- Born: 1841 Centre County, Pennsylvania, U.S.
- Died: September 30, 1907 (aged 65–66) McAlisterville, Pennsylvania, U.S.
- Place of burial: Lost Creek Presbyterian Cemetery, McAlisterville, Pennsylvania
- Allegiance: United States
- Branch: United States Army Union Army
- Service years: 1862–1865
- Rank: Private
- Unit: Company B, 148th Regiment Pennsylvania Volunteer Infantry
- Conflicts: American Civil War
- Awards: Medal of Honor

= Robert W. Ammerman =

American soldier who received the Medal of Honor

Robert Wesley Ammerman (1841 – September 30, 1907) was an American soldier who received the Medal of Honor for valor during the American Civil War.

==Biography==
Ammerman joined the 148th Pennsylvania Infantry from Milesburg, Pennsylvania, in August 1862. While performing his MOH action, he suffered the loss of his right leg, and was discharged due to his wounds in May 1865. He died on September 30, 1907, and was laid to rest in the Lost Creek Presbyterian Cemetery in McAlisterville, Pennsylvania.
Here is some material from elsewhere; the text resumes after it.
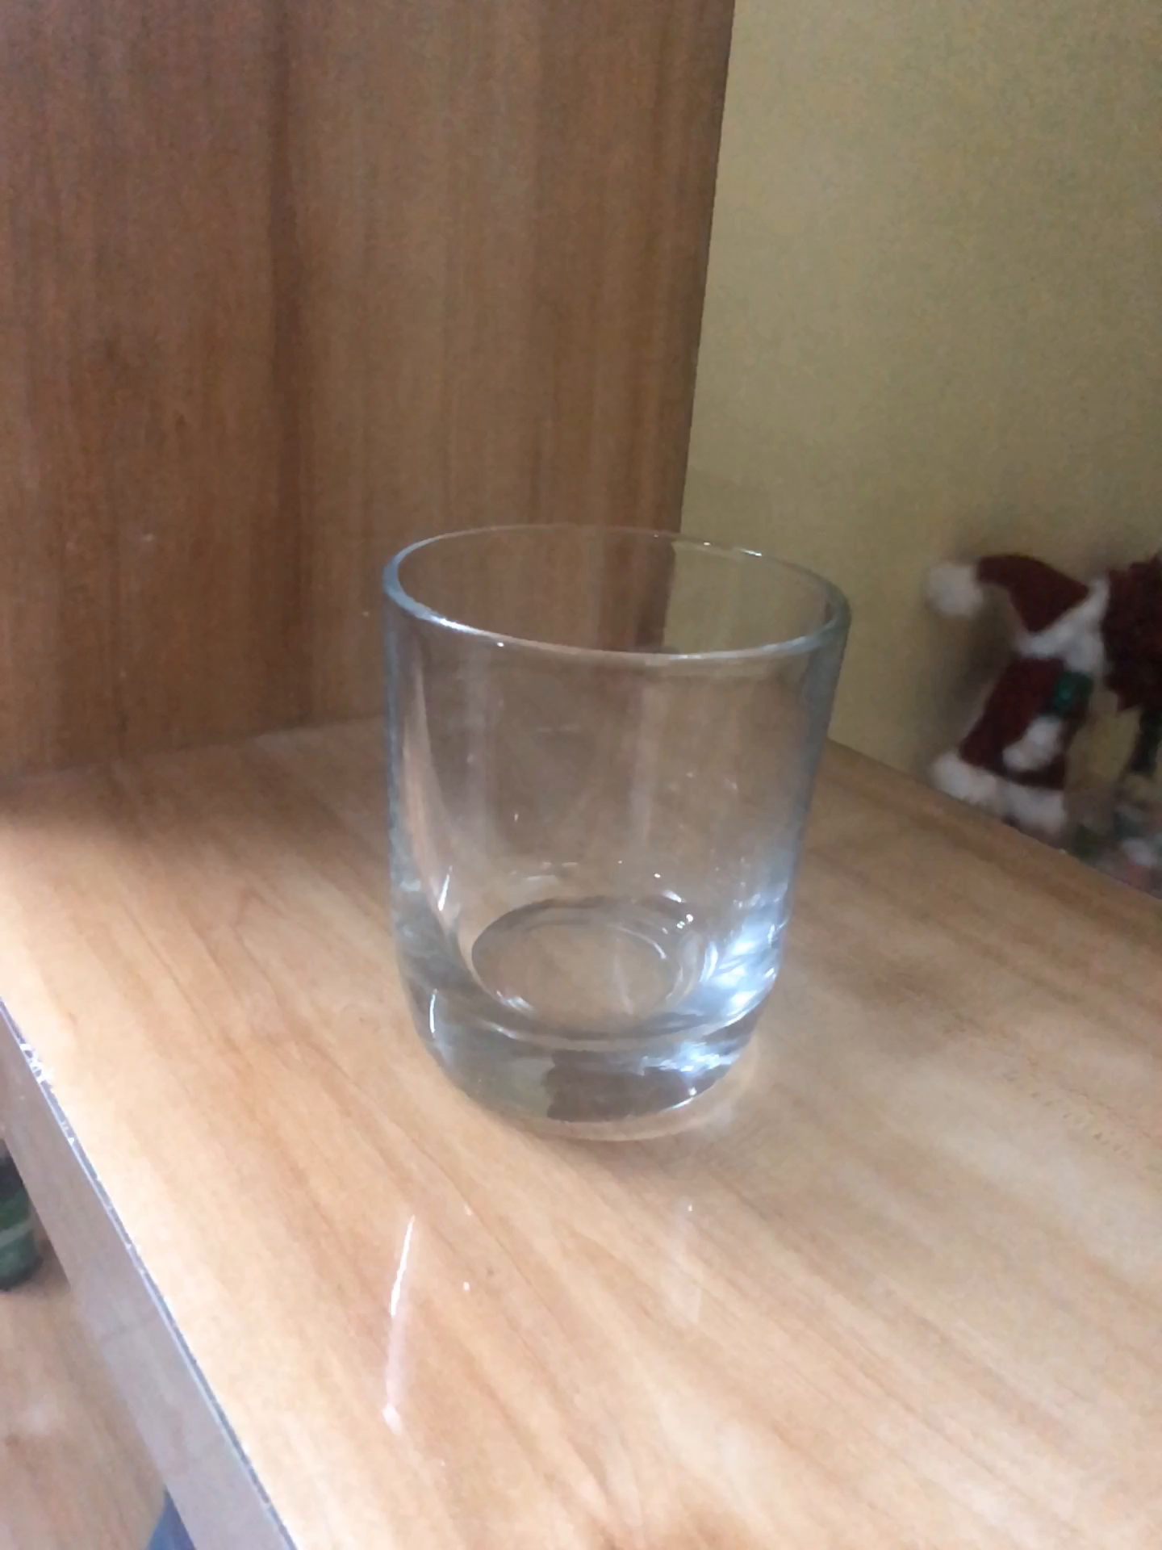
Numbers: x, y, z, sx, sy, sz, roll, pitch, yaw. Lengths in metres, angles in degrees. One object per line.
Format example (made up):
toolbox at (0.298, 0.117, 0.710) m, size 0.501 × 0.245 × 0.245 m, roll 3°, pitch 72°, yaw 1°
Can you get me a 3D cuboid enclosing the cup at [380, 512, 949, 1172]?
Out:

==Medal of Honor citation==
Citation:

The President of the United States of America, in the name of Congress, takes pleasure in presenting the Medal of Honor to Private Robert Wesley Ammerman, United States Army, for extraordinary heroism on 12 May 1864, while serving with Company B, 148th Pennsylvania Infantry, in action at Spotsylvania, Virginia, for capture of battle flag of 8th North Carolina (Confederate States of America), being one of the foremost in the assault.